Dataset entries
============

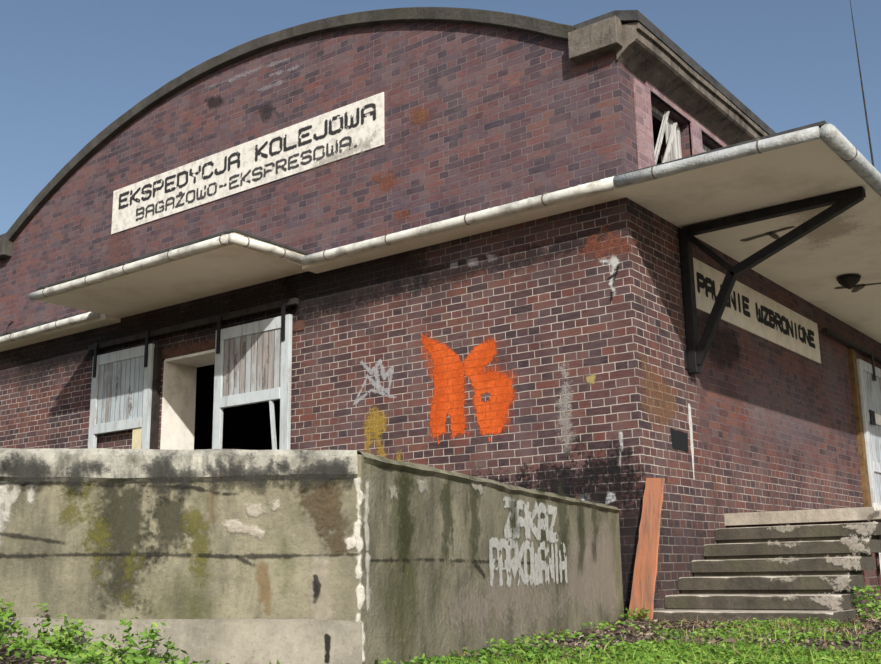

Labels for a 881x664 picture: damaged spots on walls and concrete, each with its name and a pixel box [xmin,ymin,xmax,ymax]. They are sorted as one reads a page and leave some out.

leakage [0,452,51,532]
leakage [59,460,110,523]
leakage [88,448,357,606]
leakage [309,557,332,620]
spalling [299,477,371,662]
spalling [810,503,881,611]
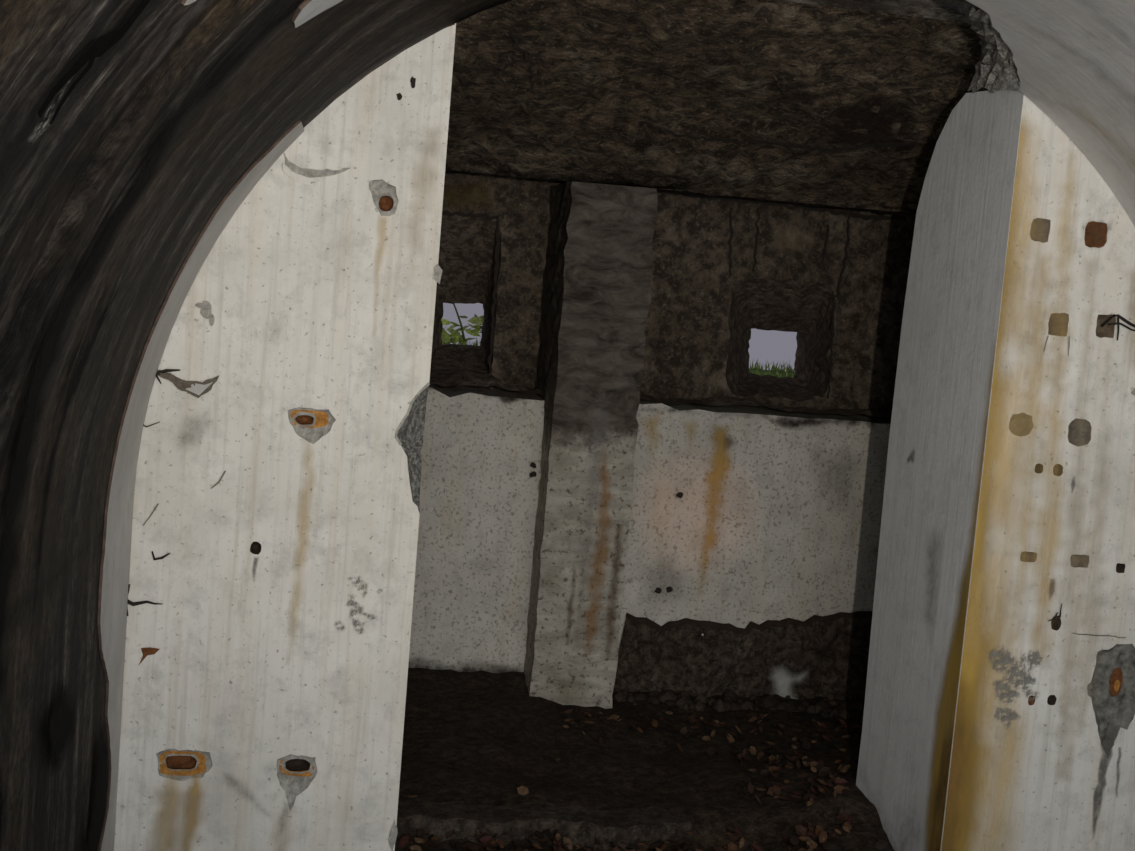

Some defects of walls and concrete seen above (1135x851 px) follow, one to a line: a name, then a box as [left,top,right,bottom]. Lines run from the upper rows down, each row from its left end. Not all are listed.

peeling [292,0,343,28]
peeling [962,0,1135,226]
spalling [369,179,399,216]
peeling [98,120,350,851]
spalling [397,386,429,514]
corrosion [706,430,728,550]
corrosion [927,174,1017,851]
flaking render [336,577,379,633]
flaking render [612,611,873,701]
flaking render [989,649,1042,726]
spalling [1087,644,1135,752]
corrosion [159,751,207,850]
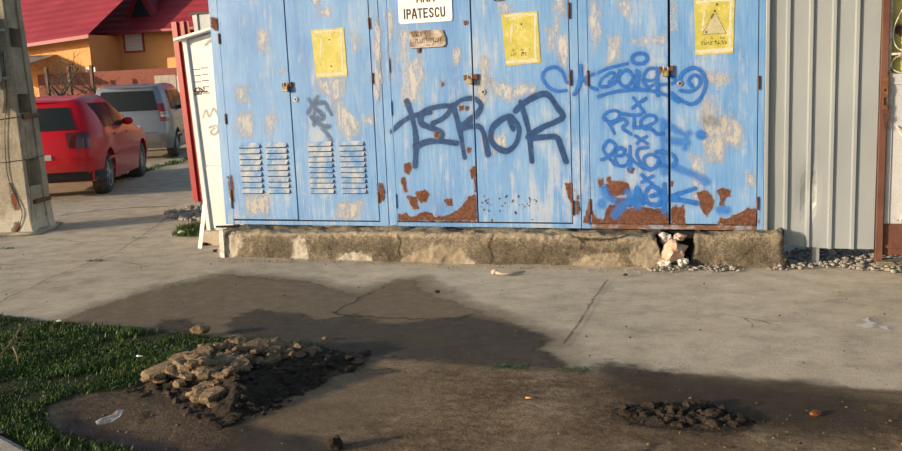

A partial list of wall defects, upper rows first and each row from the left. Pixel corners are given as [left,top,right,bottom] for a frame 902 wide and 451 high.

rust [398,163,537,221]
rust [565,168,685,225]
rust [697,188,730,215]
rust [718,208,759,225]
leakage [61,273,577,370]
crack [564,282,606,343]
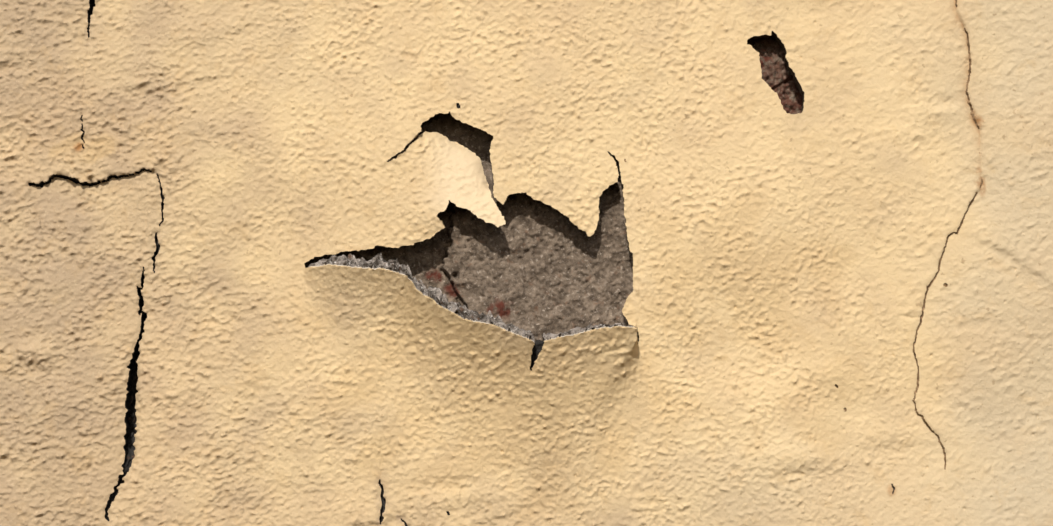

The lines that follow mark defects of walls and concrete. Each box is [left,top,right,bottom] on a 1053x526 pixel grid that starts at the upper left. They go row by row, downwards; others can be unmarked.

crack [23,0,168,523]
spalling [304,101,639,343]
hole [747,31,805,114]
crack [898,0,1053,488]
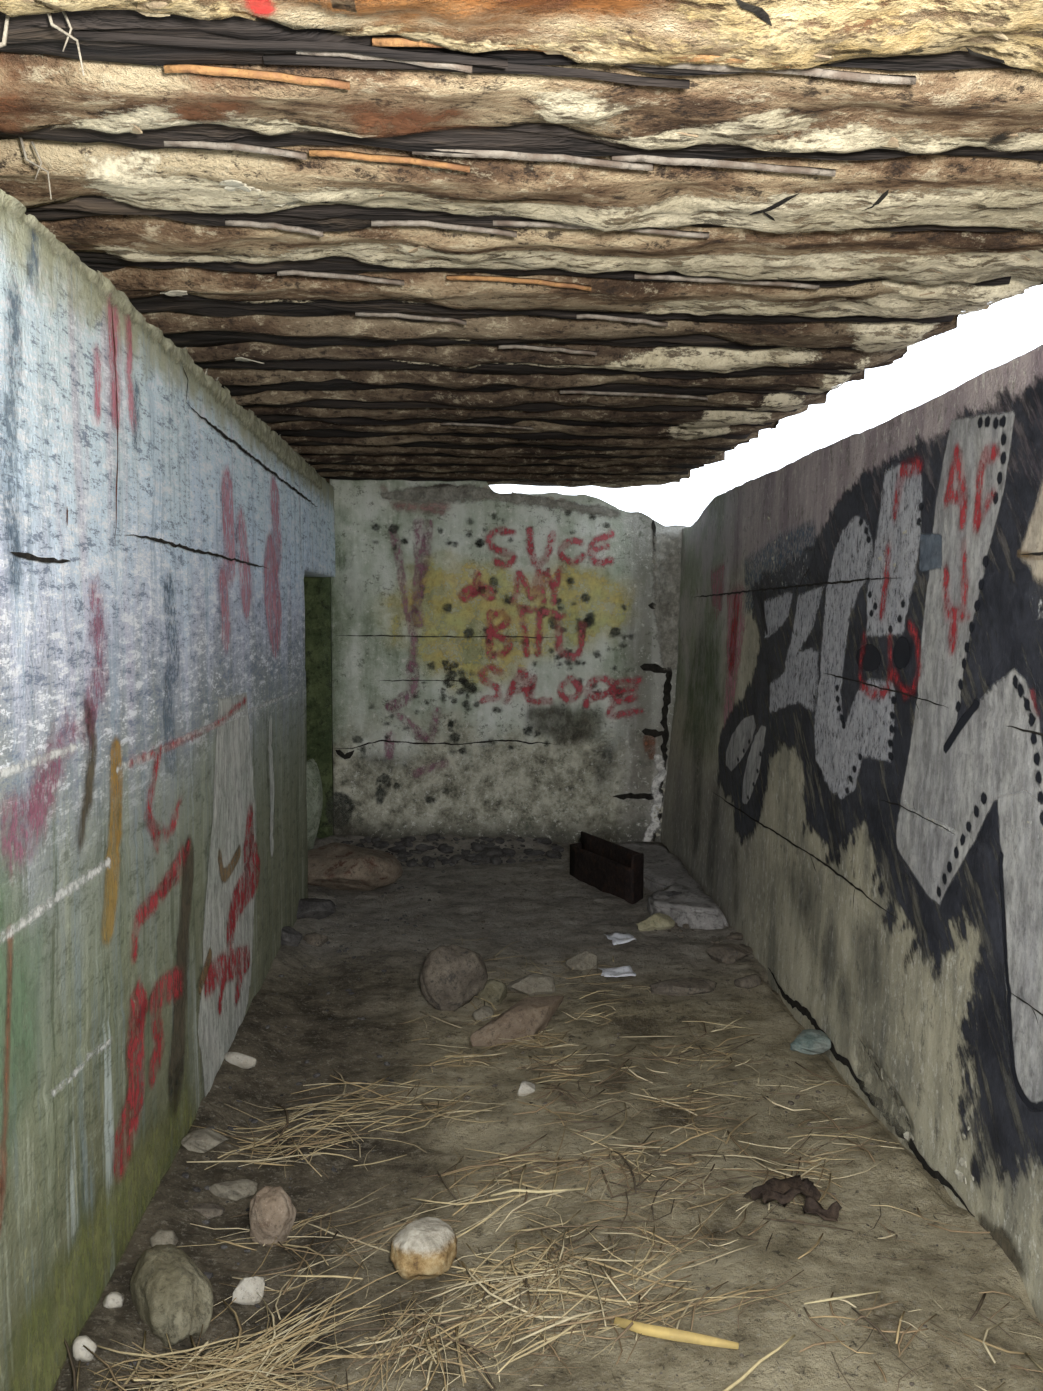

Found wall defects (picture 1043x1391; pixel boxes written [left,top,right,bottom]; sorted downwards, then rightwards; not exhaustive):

peeling [0,0,254,20]
corrosion [314,0,644,26]
peeling [346,0,1043,73]
corrosion [825,0,898,34]
peeling [534,89,1043,154]
peeling [55,104,1043,440]
spalling [0,189,323,489]
crack [133,534,268,569]
water stain [375,773,399,804]
water stain [326,792,383,838]
crack [768,968,975,1217]
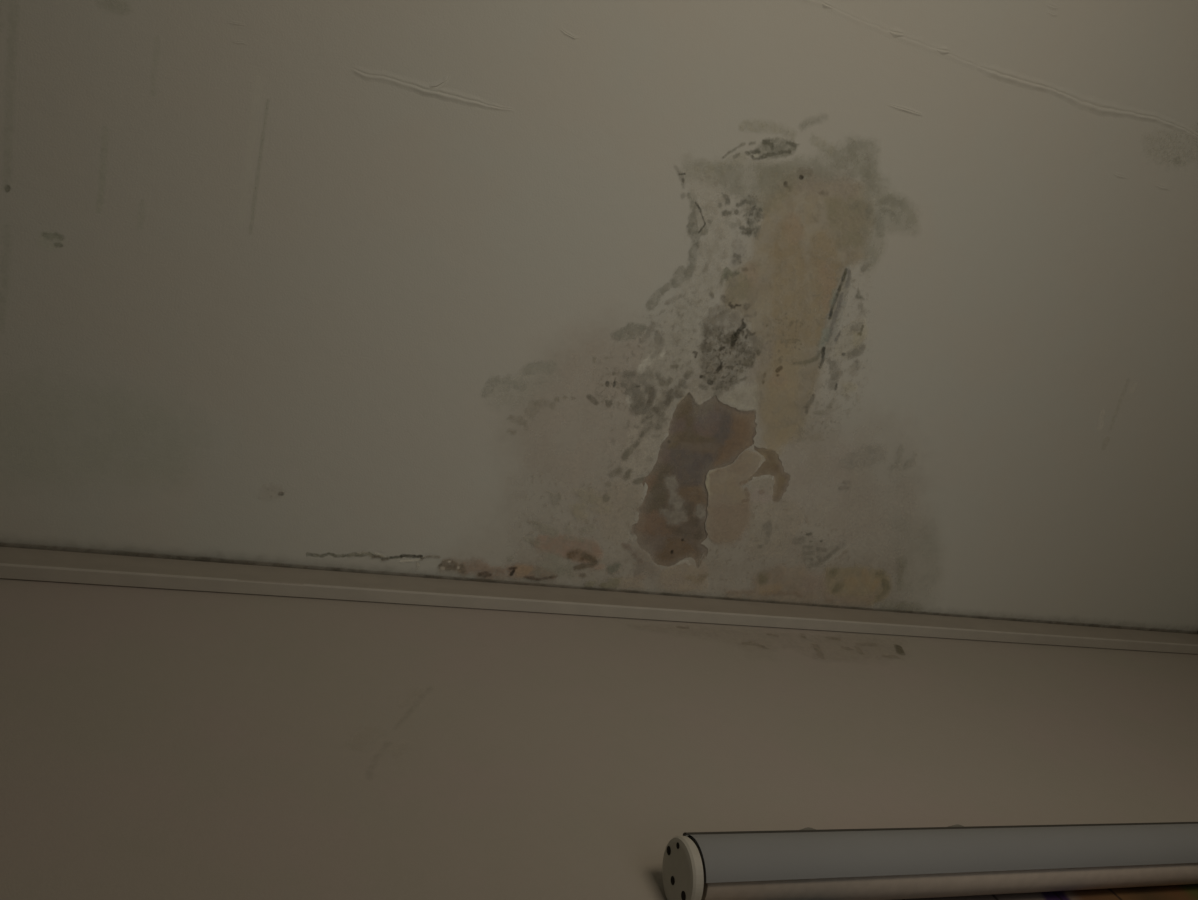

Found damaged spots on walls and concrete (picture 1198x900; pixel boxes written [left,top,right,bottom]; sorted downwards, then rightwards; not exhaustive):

crack [316,552,432,560]
damp [615,304,760,482]
spalling [632,392,791,569]
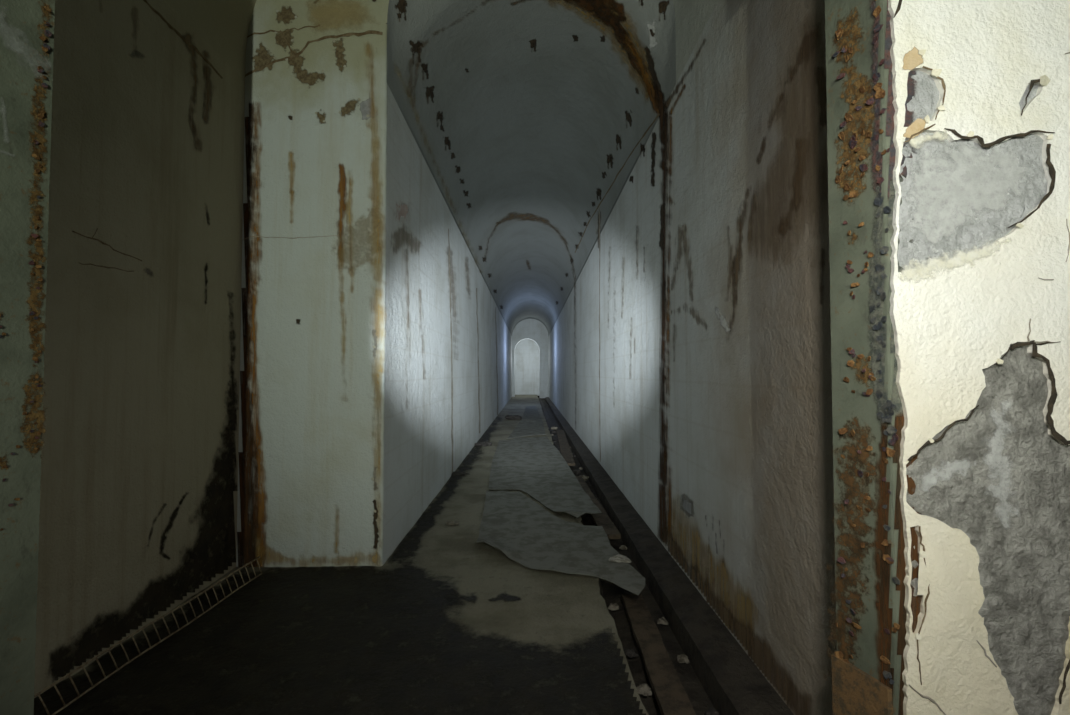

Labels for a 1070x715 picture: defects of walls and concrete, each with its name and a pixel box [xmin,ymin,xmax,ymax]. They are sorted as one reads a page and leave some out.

corrosion [0,0,52,482]
corrosion [237,103,267,567]
crack [143,0,383,79]
flaking render [252,6,325,88]
flaking render [333,38,347,72]
corrosion [338,164,353,302]
peeling [338,97,375,120]
corrosion [479,110,632,317]
corrosion [549,0,704,544]
flaking render [868,0,1070,715]
leakage [34,312,646,715]
corrosion [825,417,877,678]
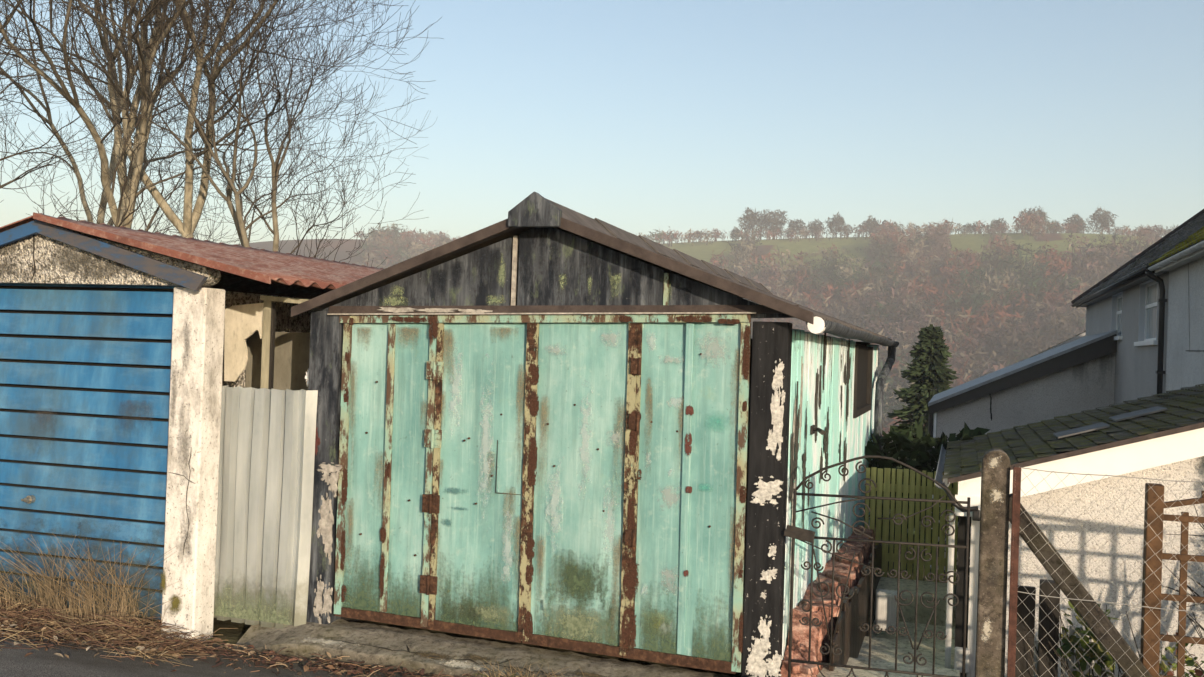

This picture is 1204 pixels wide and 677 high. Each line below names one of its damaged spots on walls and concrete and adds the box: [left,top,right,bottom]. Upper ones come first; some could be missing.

peeling [313,462,343,624]
corrosion [509,491,544,585]
corrosion [517,362,548,487]
corrosion [615,385,652,652]
peeling [750,333,851,623]
corrosion [524,610,533,640]
peeling [745,615,783,677]
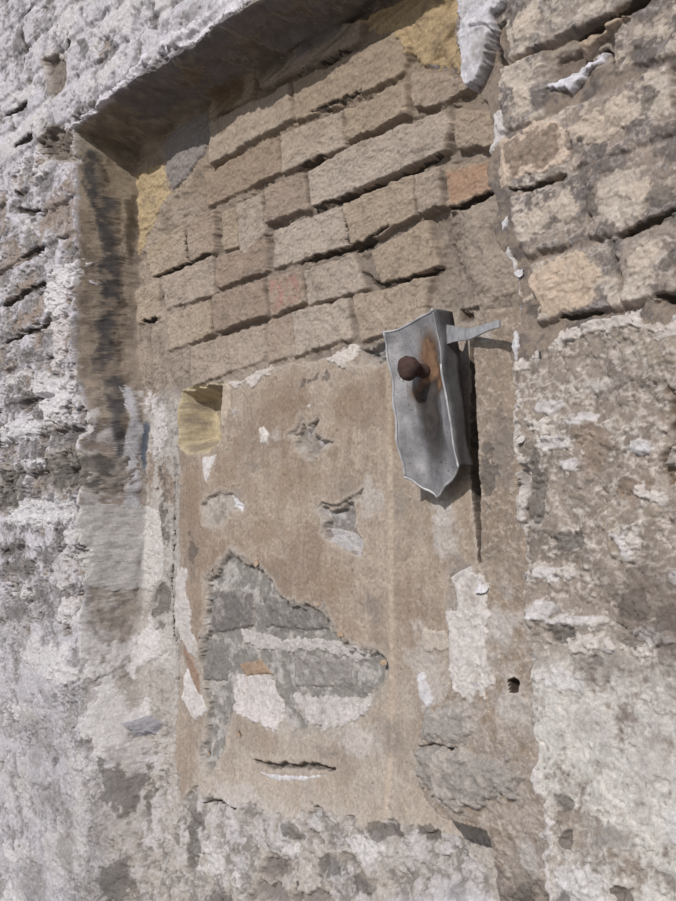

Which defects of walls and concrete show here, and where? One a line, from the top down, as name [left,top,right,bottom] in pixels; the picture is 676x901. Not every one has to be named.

flaking render [220,364,275,427]
corrosion [413,333,443,459]
flaking render [259,426,269,443]
spalling [286,404,339,460]
flaking render [202,454,217,482]
flaking render [0,444,164,592]
spalling [199,489,245,530]
spalling [315,487,364,558]
flaking render [174,545,390,779]
crack [255,759,336,781]

============

• [Work instructions]
Output all data exactly, omitting images.

• [Final answer]
Labels for a 881x664 picture: damaged spots on walls and concrete, each with its name and a pixel box [xmin,ymin,xmax,ymax]. They are sorted as one reads a page and leave some out.

leakage [0,452,51,532]
leakage [59,460,110,523]
leakage [88,448,357,606]
leakage [309,557,332,620]
spalling [299,477,371,662]
spalling [810,503,881,611]

Some defects of walls and concrete seen above (1135x851 px) follow, one to a line: a name, then a box as [left,top,right,bottom]. Lines run from the upper rows down, each row from its left end. Not all are listed.

peeling [292,0,343,28]
peeling [962,0,1135,226]
spalling [369,179,399,216]
peeling [98,120,350,851]
spalling [397,386,429,514]
corrosion [706,430,728,550]
corrosion [927,174,1017,851]
flaking render [336,577,379,633]
flaking render [612,611,873,701]
flaking render [989,649,1042,726]
spalling [1087,644,1135,752]
corrosion [159,751,207,850]

A partial list of wall defects, upper rows first and each row from the left. Pixel corners are given as [left,top,right,bottom] for a frame 902 wide and 451 high.

rust [398,163,537,221]
rust [565,168,685,225]
rust [697,188,730,215]
rust [718,208,759,225]
leakage [61,273,577,370]
crack [564,282,606,343]

The lines that follow mark defects of walls and concrete. Each box is [left,top,right,bottom] on a 1053x526 pixel grid that starts at the upper left. They go row by row, downwards; others can be unmarked.

crack [23,0,168,523]
spalling [304,101,639,343]
hole [747,31,805,114]
crack [898,0,1053,488]

Found wall defects (picture 1043x1391; pixel boxes written [left,top,right,bottom]; sorted downwards, then rightwards; not exhaustive):

peeling [0,0,254,20]
corrosion [314,0,644,26]
peeling [346,0,1043,73]
corrosion [825,0,898,34]
peeling [534,89,1043,154]
peeling [55,104,1043,440]
spalling [0,189,323,489]
crack [133,534,268,569]
water stain [375,773,399,804]
water stain [326,792,383,838]
crack [768,968,975,1217]

Found damaged spots on walls and concrete (picture 1198x900; pixel boxes written [left,top,right,bottom]; sorted downwards, then rightwards; not exhaustive):

crack [316,552,432,560]
damp [615,304,760,482]
spalling [632,392,791,569]

Labels for a 1070x715 picture: defects of walls and concrete, each with its name and a pixel box [xmin,ymin,xmax,ymax]. They are sorted as one reads a page and leave some out.

corrosion [0,0,52,482]
corrosion [237,103,267,567]
crack [143,0,383,79]
flaking render [252,6,325,88]
flaking render [333,38,347,72]
corrosion [338,164,353,302]
peeling [338,97,375,120]
corrosion [479,110,632,317]
corrosion [549,0,704,544]
flaking render [868,0,1070,715]
leakage [34,312,646,715]
corrosion [825,417,877,678]

This picture is 1204 pixels wide and 677 high. Each line below names one of its damaged spots on walls and concrete and adds the box: [left,top,right,bottom]. Upper ones come first; some could be missing.

peeling [313,462,343,624]
corrosion [509,491,544,585]
corrosion [517,362,548,487]
corrosion [615,385,652,652]
peeling [750,333,851,623]
corrosion [524,610,533,640]
peeling [745,615,783,677]

Which defects of walls and concrete show here, and where? One a line, from the top down, as name [left,top,right,bottom] in pixels; the picture is 676x901. Not every one has to be named.

flaking render [220,364,275,427]
corrosion [413,333,443,459]
flaking render [259,426,269,443]
spalling [286,404,339,460]
flaking render [202,454,217,482]
flaking render [0,444,164,592]
spalling [199,489,245,530]
spalling [315,487,364,558]
flaking render [174,545,390,779]
crack [255,759,336,781]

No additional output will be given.